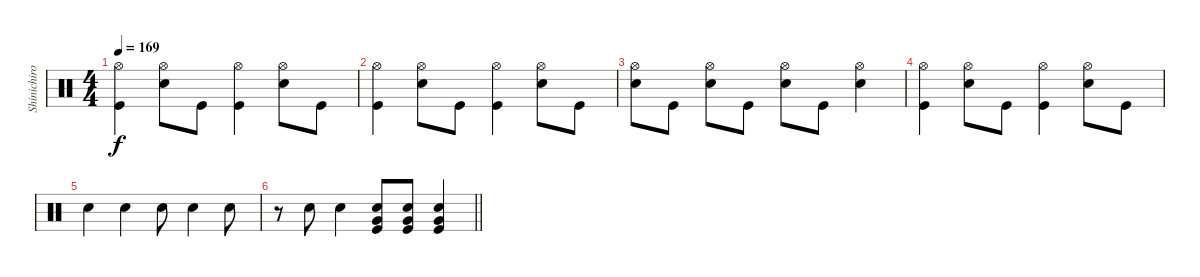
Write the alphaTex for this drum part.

\track ("Shinichiro Sato drums" "Shinichiro") {instrument percussion}
\staff {score}
\articulation defaults
\ts (4 4)
\tempo 169
\clef neutral
\ks c
("Hi-Hat (open)" "Kick (hit)").4{dy f} ("Hi-Hat (open)" "Snare (hit) 2").8 "Kick (hit)".8 ("Hi-Hat (open)" "Kick (hit)").4 ("Hi-Hat (open)" "Snare (hit) 2").8 "Kick (hit)".8 |
("Hi-Hat (open)" "Kick (hit)").4 ("Hi-Hat (open)" "Snare (hit) 2").8 "Kick (hit)".8 ("Hi-Hat (open)" "Kick (hit)").4 ("Hi-Hat (open)" "Snare (hit) 2").8 "Kick (hit)".8 |
("Hi-Hat (open)" "Snare (hit) 2").8 "Kick (hit)".8 ("Hi-Hat (open)" "Snare (hit) 2").8 "Kick (hit)".8 ("Hi-Hat (open)" "Snare (hit) 2").8 "Kick (hit)".8 ("Hi-Hat (open)" "Snare (hit) 2").4 |
("Hi-Hat (open)" "Kick (hit)").4 ("Hi-Hat (open)" "Snare (hit) 2").8 "Kick (hit)".8 ("Hi-Hat (open)" "Kick (hit)").4 ("Hi-Hat (open)" "Snare (hit) 2").8 "Kick (hit)".8 |
"Snare (hit) 2".4 "Snare (hit) 2".4 "Snare (hit) 2".8 "Snare (hit) 2".4 "Snare (hit) 2".8 |
\barLineRight lightlight
r.8 "Snare (hit) 2".8 "Snare (hit) 2".4 ("Snare (hit) 2" "Very Low Tom (hit)" "Kick (hit)").8 ("Snare (hit) 2" "Very Low Tom (hit)" "Kick (hit)").8 ("Snare (hit) 2" "Very Low Tom (hit)" "Kick (hit)").4

━━━

▶ TASK GOAL: Pictures are to be left out; the rest of the listing should be printed exactly.

▶ FINISHED EXERCISE:
Write the alphaTex for this drum part.

\track ("Shinichiro Sato drums" "Shinichiro") {instrument percussion}
\staff {score}
\articulation defaults
\ts (4 4)
\tempo 169
\clef neutral
\ks c
("Hi-Hat (open)" "Kick (hit)").4{dy f} ("Hi-Hat (open)" "Snare (hit) 2").8 "Kick (hit)".8 ("Hi-Hat (open)" "Kick (hit)").4 ("Hi-Hat (open)" "Snare (hit) 2").8 "Kick (hit)".8 |
("Hi-Hat (open)" "Kick (hit)").4 ("Hi-Hat (open)" "Snare (hit) 2").8 "Kick (hit)".8 ("Hi-Hat (open)" "Kick (hit)").4 ("Hi-Hat (open)" "Snare (hit) 2").8 "Kick (hit)".8 |
("Hi-Hat (open)" "Snare (hit) 2").8 "Kick (hit)".8 ("Hi-Hat (open)" "Snare (hit) 2").8 "Kick (hit)".8 ("Hi-Hat (open)" "Snare (hit) 2").8 "Kick (hit)".8 ("Hi-Hat (open)" "Snare (hit) 2").4 |
("Hi-Hat (open)" "Kick (hit)").4 ("Hi-Hat (open)" "Snare (hit) 2").8 "Kick (hit)".8 ("Hi-Hat (open)" "Kick (hit)").4 ("Hi-Hat (open)" "Snare (hit) 2").8 "Kick (hit)".8 |
"Snare (hit) 2".4 "Snare (hit) 2".4 "Snare (hit) 2".8 "Snare (hit) 2".4 "Snare (hit) 2".8 |
\barLineRight lightlight
r.8 "Snare (hit) 2".8 "Snare (hit) 2".4 ("Snare (hit) 2" "Very Low Tom (hit)" "Kick (hit)").8 ("Snare (hit) 2" "Very Low Tom (hit)" "Kick (hit)").8 ("Snare (hit) 2" "Very Low Tom (hit)" "Kick (hit)").4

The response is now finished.